1) Symptomatic transmission: direct transmission from a symptomatic individual, through a contact that can be readily recalled by the recipient.
2) Presymptomatic transmission: direct transmission from an individual that occurs before the source individual experiences noticeable symptoms. (Note that this definition may be context-specific—for example, based on whether it is the source or the recipient who is asked whether the symptoms were noticeable.)

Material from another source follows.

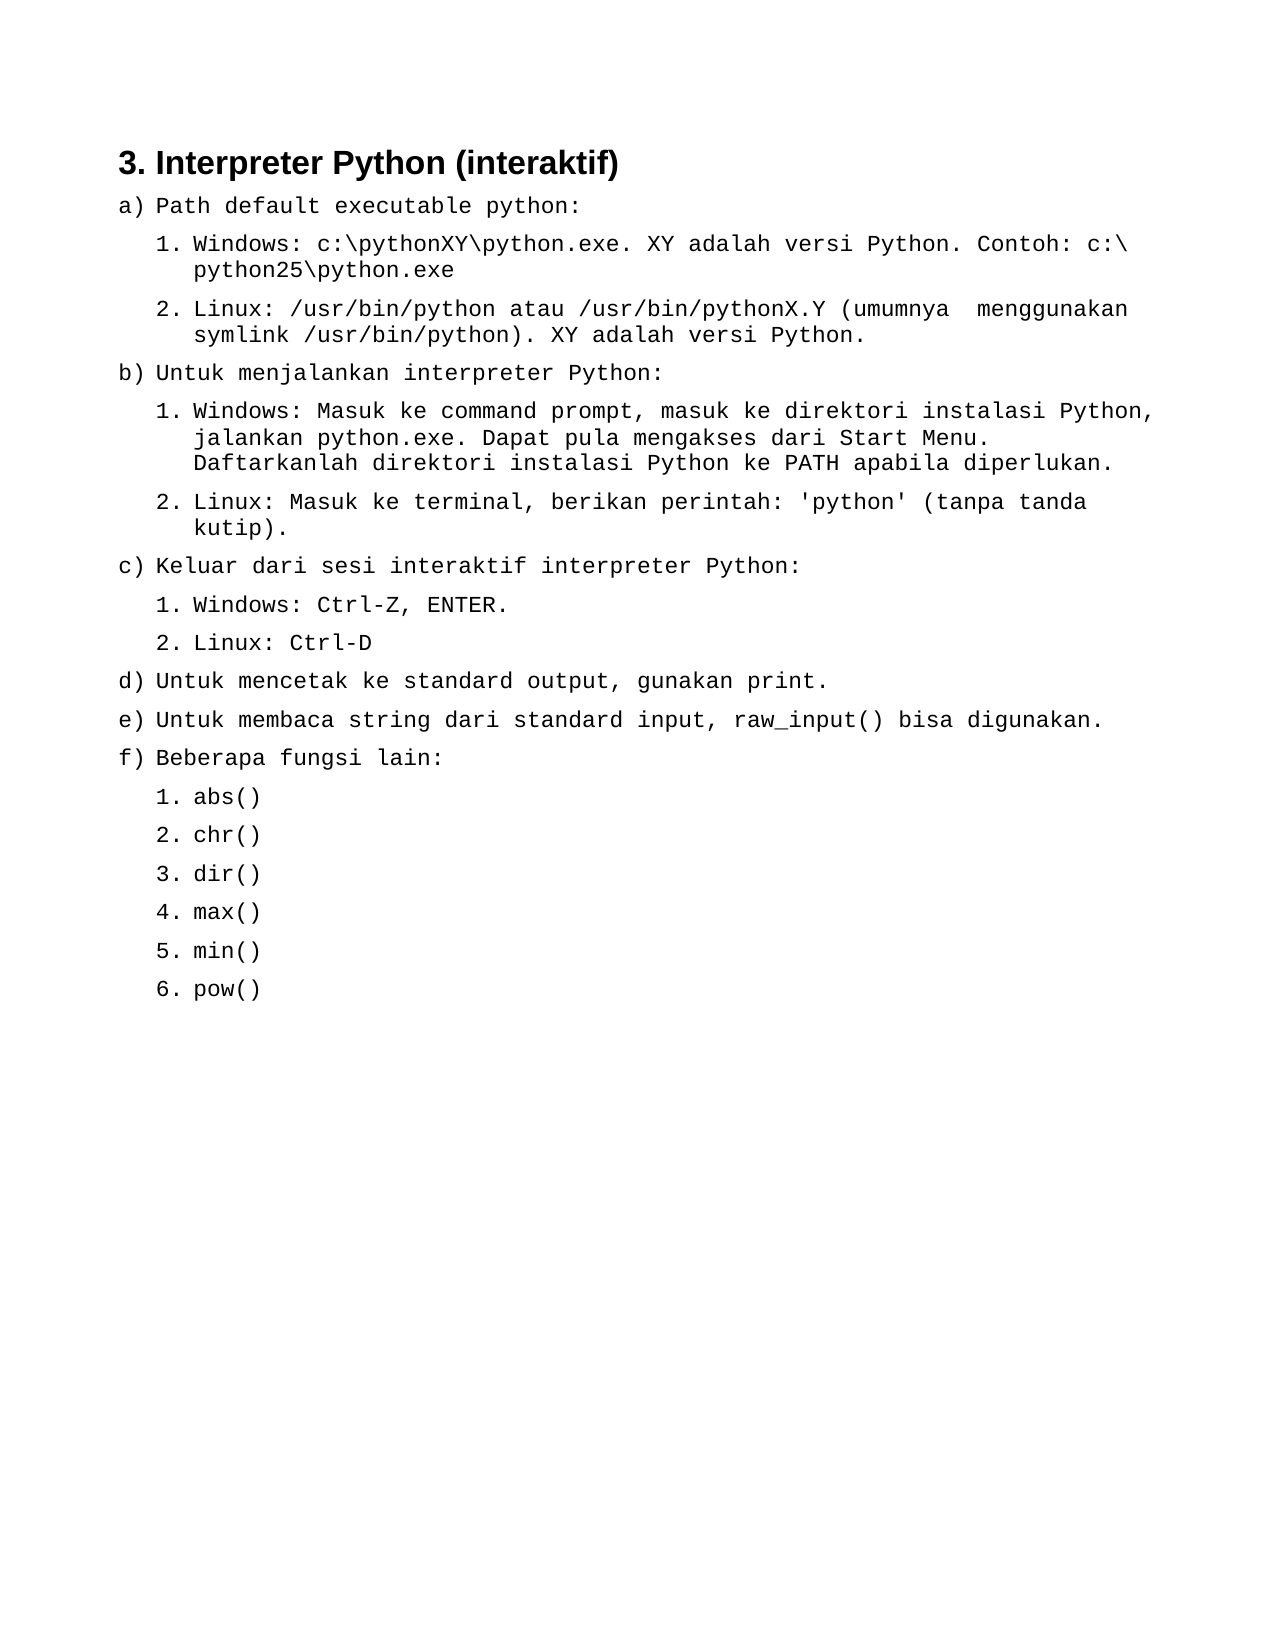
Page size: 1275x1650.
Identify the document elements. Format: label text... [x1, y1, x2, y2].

3) Asymptomatic transmission: direct transmission from individuals who never experience noticeable symptoms. This can only be established by follow-up, as single–time point observation cannot fully distinguish asymptomatic from presymptomatic individuals.
4) Environmental transmission: transmission via contamination, and specifically in a way that would not typically be attributable to contact with the source in a contact survey (i.e., this does not include transmission pairs who were in extended close contact, but for whom in reality the infectious dose passed via the environment instead of more directly). These could be identified in an analysis of spatial movements.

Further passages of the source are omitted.